I received exactly two responses. (Usually, when I make such a request, my inbox is flooded with thoughtful and candid insights, sometimes too many to use.) The first response I received was a vaguely threatening email from a mom warning me to utilize “real journalism” when writing about the topic of homebirth. “If you’re going to quote someone saying something like ‘homebirths are more dangerous,’” she wrote, “please make a point to either find supporting evidence (which you won’t) or be VERY clear that it’s an opinion and that the piece is an op-ed style entry rather than a journalistic piece.” (The italics are mine; the caps are hers.) Her email closed with her assurance that she was “looking forward” to reading my “well researched, thoughtful, piece of journalism when it comes out.” I wasn’t sure if that was a threat or a promise.
IT’S NOT ABOUT TRENDS…
… Or at least, it shouldn’t be. But my sense in recent years that homebirthing has become something of a trend seems to be valid.

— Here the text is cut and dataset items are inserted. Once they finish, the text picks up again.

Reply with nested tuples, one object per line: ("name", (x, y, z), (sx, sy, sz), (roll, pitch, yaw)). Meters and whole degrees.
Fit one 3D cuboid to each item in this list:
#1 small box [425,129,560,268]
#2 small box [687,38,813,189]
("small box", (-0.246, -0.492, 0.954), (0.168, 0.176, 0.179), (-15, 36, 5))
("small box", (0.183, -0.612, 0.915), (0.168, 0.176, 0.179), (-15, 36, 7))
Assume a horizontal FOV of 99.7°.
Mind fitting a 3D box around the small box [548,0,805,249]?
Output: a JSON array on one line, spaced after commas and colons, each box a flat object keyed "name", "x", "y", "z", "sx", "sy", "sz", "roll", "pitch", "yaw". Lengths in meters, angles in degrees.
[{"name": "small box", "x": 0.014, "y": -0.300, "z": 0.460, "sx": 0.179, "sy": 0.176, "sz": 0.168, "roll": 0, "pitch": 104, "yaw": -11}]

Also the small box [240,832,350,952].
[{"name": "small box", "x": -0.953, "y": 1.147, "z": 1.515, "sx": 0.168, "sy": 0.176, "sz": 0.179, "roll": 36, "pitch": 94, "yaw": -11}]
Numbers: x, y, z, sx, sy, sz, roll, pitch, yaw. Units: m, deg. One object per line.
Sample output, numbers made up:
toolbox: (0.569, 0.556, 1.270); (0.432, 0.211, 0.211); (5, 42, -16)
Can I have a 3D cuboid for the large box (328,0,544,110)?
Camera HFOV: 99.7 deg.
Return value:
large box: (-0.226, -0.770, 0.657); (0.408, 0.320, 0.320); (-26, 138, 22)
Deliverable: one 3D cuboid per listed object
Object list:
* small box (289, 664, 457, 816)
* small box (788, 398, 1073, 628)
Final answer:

In 2008, the New York Times published an article rather tellingly titled “Midwives Say Home Births Are Up, Despite Warnings.” In the article, midwives in the New York area were finding themselves inundated with calls; a childbirth educator said that “20 percent of the 160 couples who take her classes each month are planning homebirths, twice as many as six months ago.” Even a birthing pool retailer claimed to have doubled their sales since the previous year. (Interestingly, two of the mothers interviewed for the piece who chose to have homebirths were located in the Park Slope area.)
But just because your friends are doing it doesn’t mean that a homebirth is right for you. And according to the American College of Obstetricians and Gynecologists, as well as the American Medical Association, a homebirth really isn’t right for anyone. Both organizations have condemned homebirths—the ACOG since 1975 and the AMA since 2008. The ACOG’s official statement warns that “although the absolute risk may be low, planned home birth is associated with a twofold to threefold increased risk of neonatal death when compared with planned hospital birth.” Of course, some would say that this condemnation is self-serving, as both bodies would appear to have a vested interest in seeing women have their babies in hospitals. But if you want to participate in the perspective that everyone has an agenda, one could say the same thing about midwives—that they have a vested interest in perpetuating the homebirth trend and therefore are more likely to recommend a homebirth experience.
IT’S NOT ABOUT BEING “OPEN-MINDED”
One of the influences upon the rise in homebirths is the 2007 documentary The Business of Being Born, which was produced by Ricki Lake and directed by Abby Epstein. I watched it with my husband when I was pregnant with our son CC, expecting an affirming, powerful commentary on women and childbirth. Instead, I was horrified at the way hospitals and doctors were portrayed. In contrast, the film showed women—including Ricki Lake—having sublime birthing experiences in their homes. “You couldn’t ask for a better home-birth sales pitch than [The Business of Being Born],” noted New York Magazine in a 2009 article called “Is Midwife Cara Muhlhahn Too Fearless in Her Home-Birth Advocacy?”
Muhlhahn is a midwife prominently featured in The Business of Being Born, as well as being one of the midwives interviewed for the New York Times article mentioned above. In the Times, Muhlhahn is quoted as saying, “People who wouldn’t naturally self-select for home birth are coming in and getting very open-minded.”
But in the New York article just a year later, a mother who worked with Muhlhahn recounts how she was in labor for over 72 hours during what began as a homebirth. “How long is too long for a woman to be in labor?” asked the woman’s husband, who was told “Never,” by Muhlhahn. (Generally, it is thought that 24 hours after one’s water breaks, there is a risk of infection.) But when this particular mother was finally taken to the hospital, it turned out she had signs of an infection, as well as something called “back labor” (pain during labor that can be caused by the baby’s position, when the baby faces the abdomen); she was given a C-section and her newborn son was in the Neonatal Intensive Care Unit (NICU) for five days.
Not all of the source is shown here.